Au sein des sciences humaines et sociales, c’est aussi un champ d’études très interdisciplinaire, qui déborde les problématiques des transferts linguistiques et culturels. Si la traduction est d’évidence une problématique centrale pour les études aréales, elle est aussi, comme l’a montré Barbara Cassin, médaille d’or du CNRS, dans son Vocabulaire européen des philosophies. Le Dictionnaire des Intraduisibles1 , une question philosophique fondamentale : peut-on tout traduire ? Loin d’être une opération transparente, la traduction emporte avec elle sa difficulté, ses aspérités et sa violence2 . Question pour les littéraires qui observent la mondialisation, les adaptations et les transformations des œuvres et des objets culturels et pour les philosophes qui pensent le langage, la traduction est aussi un objet d’étude pour les spécialistes de l’art et de la musique, l’histoire des sciences et des idées, comme il l’est pour les acteurs de l’acte de traduire, les chercheurs sur sa matérialité, les historiens  des circulations culturelles, les anthropologues sur leurs terrains, voire pour les sociologues et les juristes. Commerces et politiques internationales ne dépendent-ils pas de traducteurs ? La traduction expose notre vulnérabilité dans le langage autant qu’elle éclaire des rapports de forces culturels. Traduire, c’est faire connaître dans un contexte nouveau, faire reconnaître, comme le suggère Véronique Boudon-Millot dans son article consacré aux traductions d’Hippocrate et de Galien. Traduire, c’est un jeu littéraire mais aussi une activité heuristique intense avance Guillaume Metayer en commentant les traductions des poèmes de Nietzsche. Mais traduire est un geste éminemment délicat, comme le montre la réflexion pleine de scrupules éthiques et historiques de Florent Brayard sur la retraduction de Mein Kampf.
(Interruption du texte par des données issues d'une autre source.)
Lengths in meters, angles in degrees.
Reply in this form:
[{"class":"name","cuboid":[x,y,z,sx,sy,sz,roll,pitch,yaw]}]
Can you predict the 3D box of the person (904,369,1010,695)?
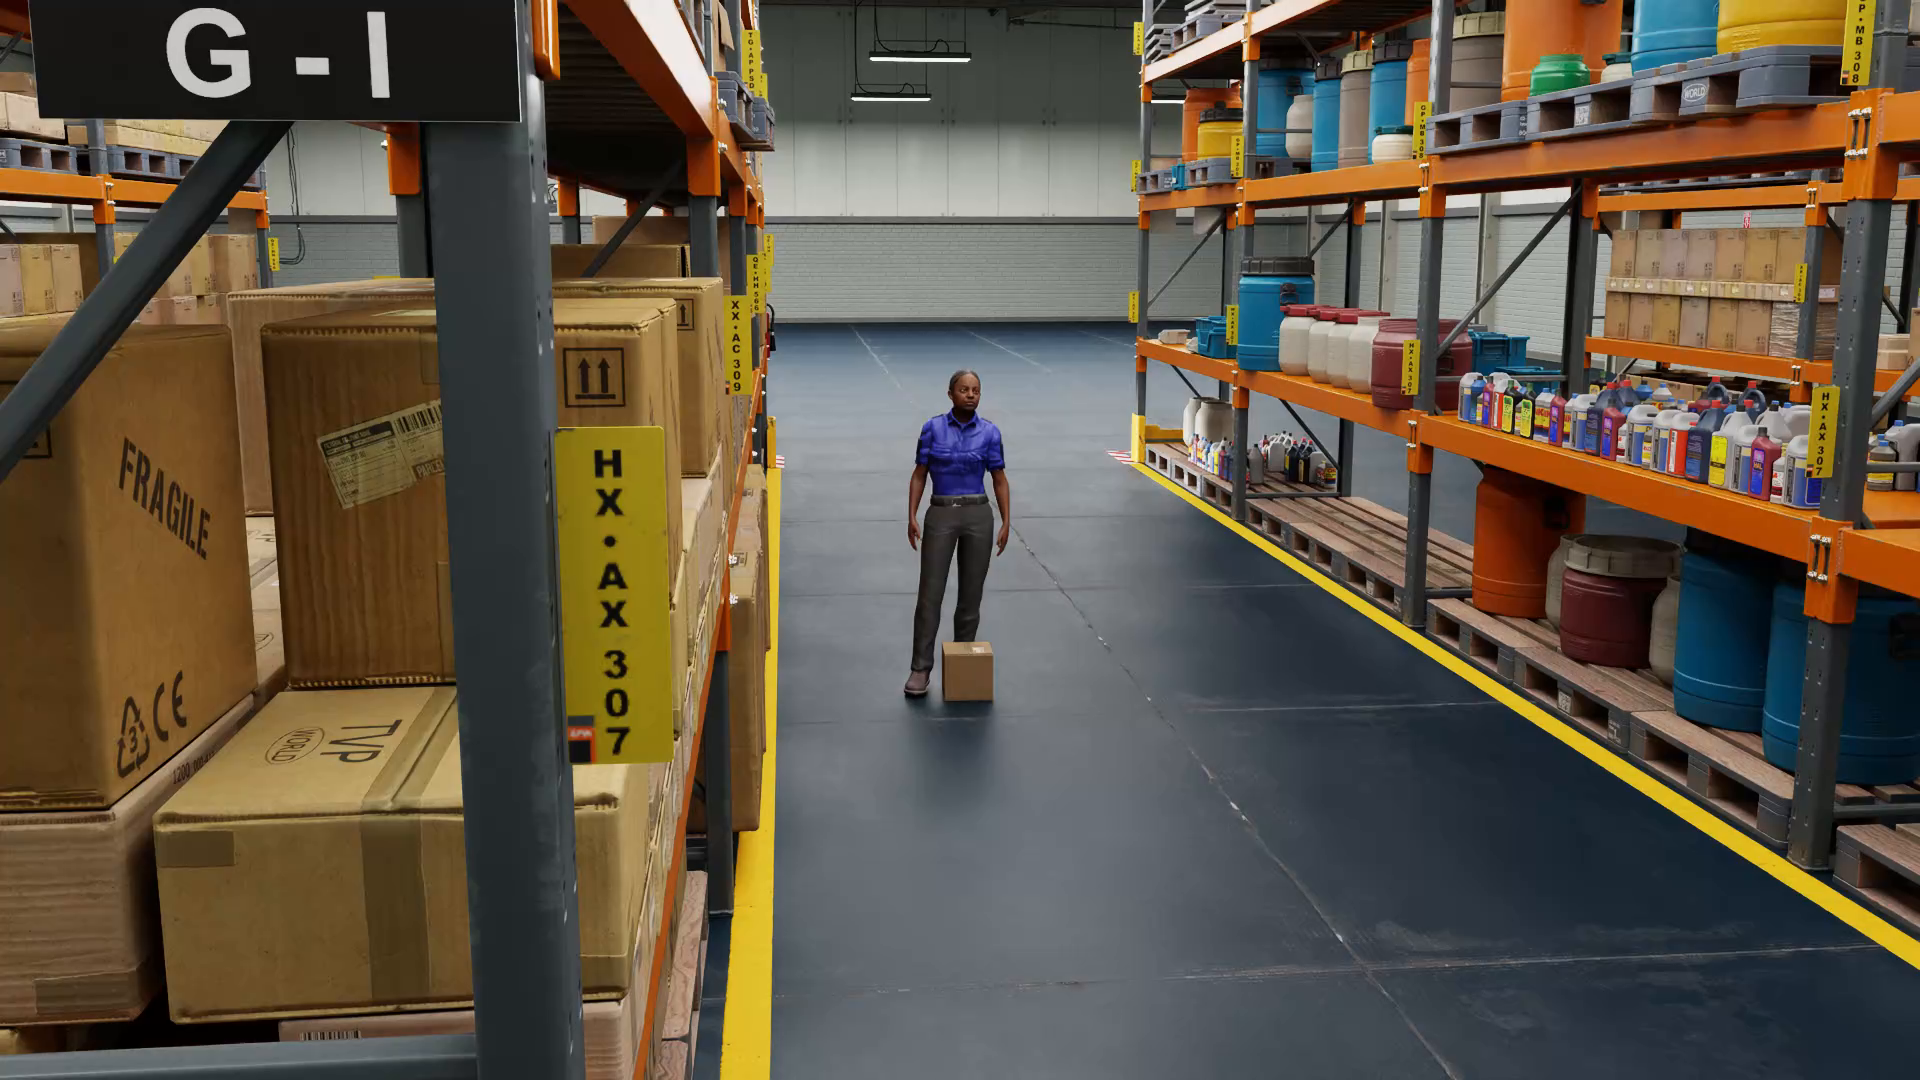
[{"class":"person","cuboid":[-0.016,-0.051,8.658,0.570,1.657,0.502,-1,10,-3]}]
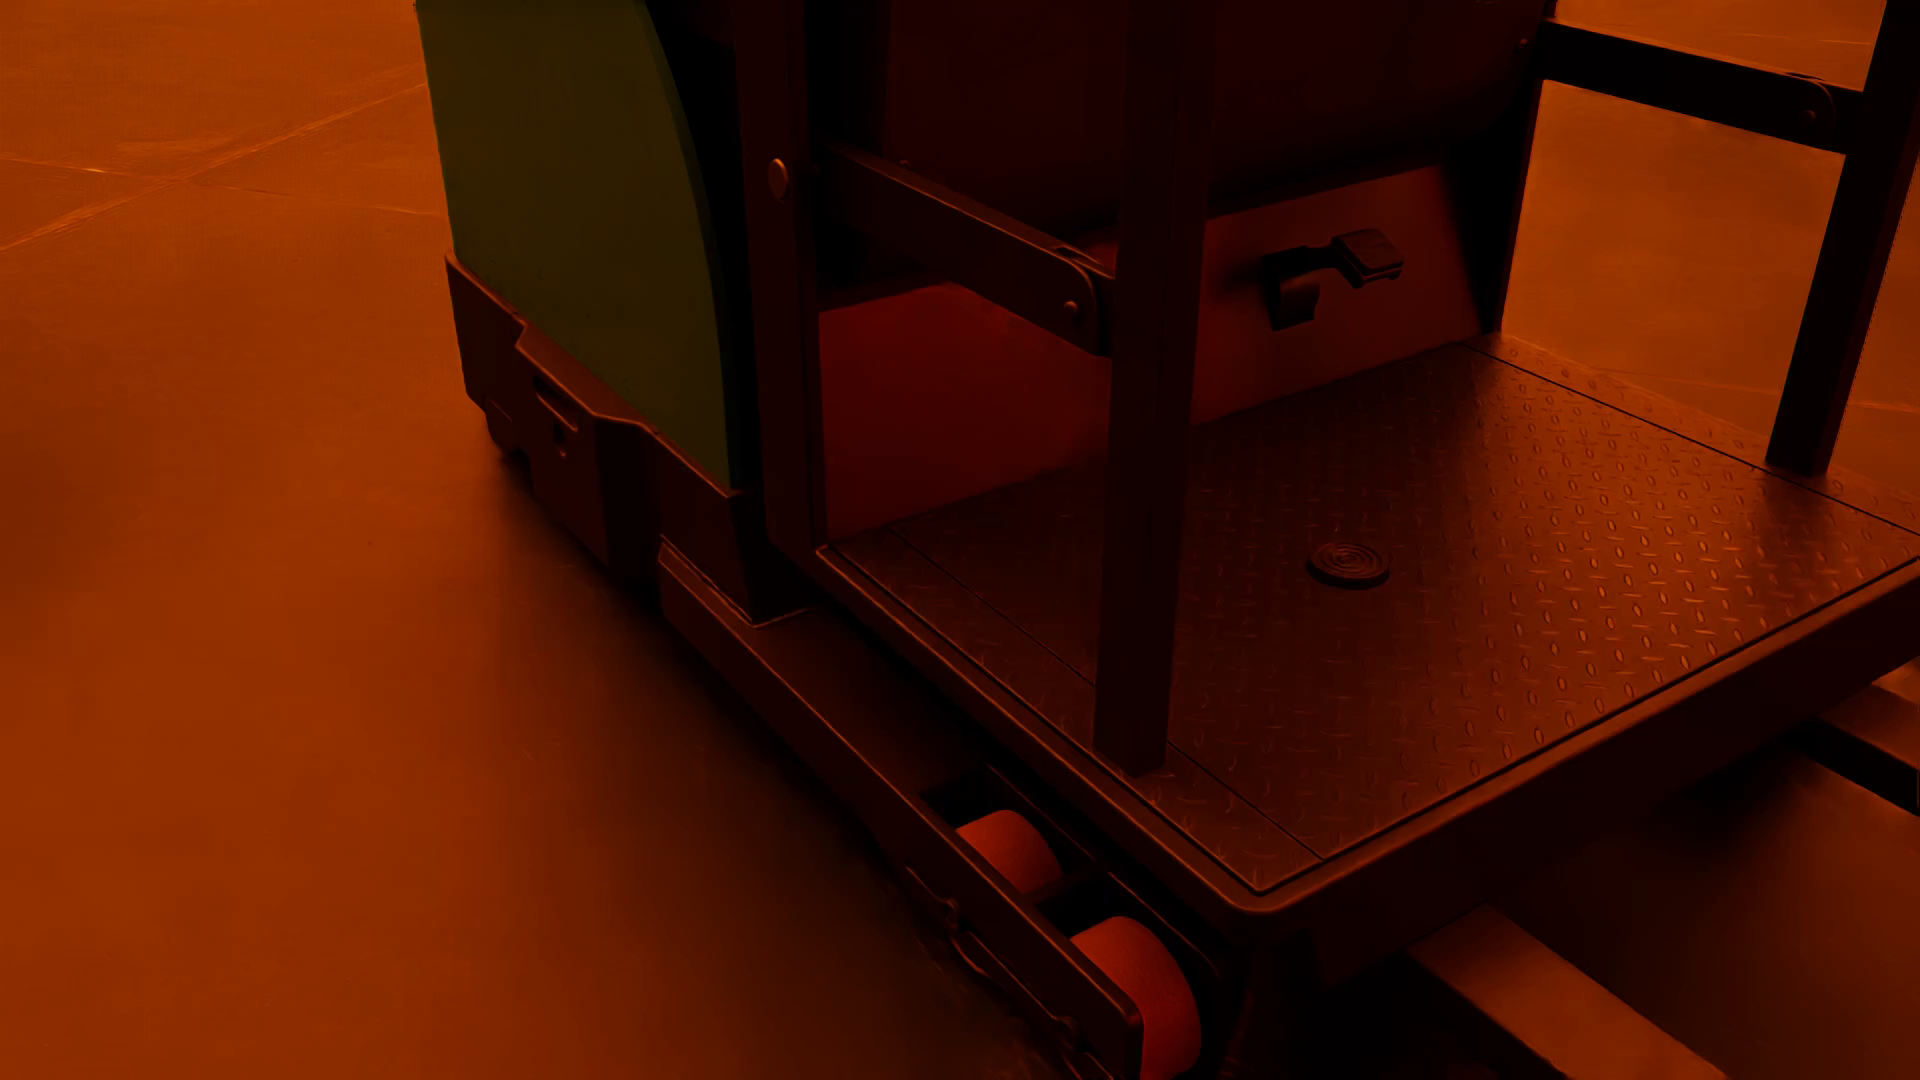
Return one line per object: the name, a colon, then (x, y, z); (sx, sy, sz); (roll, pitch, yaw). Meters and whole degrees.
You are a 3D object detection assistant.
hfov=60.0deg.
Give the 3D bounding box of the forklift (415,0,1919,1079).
forklift: (0.406, -1.019, 1.324); (1.130, 2.935, 3.031); (-18, 34, -29)

Dans le champ de la linguistique, la traduction est depuis longtemps une question scientifique qui permet de mesurer les rapports entre les langues, de différencier leurs structures tout en interrogeant l’existence de structures linguistiques communes. À l’heure de l’intelligence artificielle, la traduction automatique pourvoit un idéal de transparence et de communication qui n’est pas sans poser des questions, les outils de traduction automatique exposant aux risques de biais et de simplification, et imposant de nouvelles normativités linguistiques. C’est l’une des questions abordées par l’article de Thierry Poibeau sur la recherche en traduction automatique depuis un laboratoire de sciences humaines et sociales.

Enfin, la traduction peut fonctionner dans un sens plus large débordant les échanges entre les langues et les systèmes de signes comme un processus de circulation entre les mondes : traduction d’un concept d’une discipline à l’autre, du vocabulaire spécialisé au langage ordinaire, d’une idée en un argumentaire rhétorique. La traduction est donc une métaphore puissante, elle dit notre relation à l’autre dans toute sa complexité et elle est un des mots clés des savoirs produits par les SHS, dans lesquels les processus de communication sont centraux. On le verra dans ce dossier qui illustre la variété des enjeux du concept.

De par leurs implantations au sein d’aires géographiques et culturelles variées, les unités à l’étranger se voient toutes conviées à considérer les différentes dimensions que recouvre la traduction. Si traduire un texte d’une langue vers une autre compose l’une des modalités de l’internationalisation des débats scientifiques, les contributions issues de quelques-unes de nos unités à l’étranger soulignent que la traduction conduit la réflexion bien au-delà d’une simple mise en partage. S’interroger à la fois sur la nature de son incidence épistémologique, sur le contexte de réception (notamment en termes de rapports de domination) ou sur les modalités de préservation d’un patrimoine linguistique compose l’espace intellectuel de ces unités mobilisées par l’acte de traduire.

Caroline Bodolec, Ricardo Etxepare, Alexandre Gefen, Pascale Goetschel, William Berthomière, DAS InSHS

  • 1Cassin B. (dir.) 2004, Vocabulaire européen des philosophies. Le Dictionnaire des Intraduisibles, Seuil / Le Robert.
  • 2Voir à ce sujet : Samoyault T. 2020, Traduction et violence, Seuil.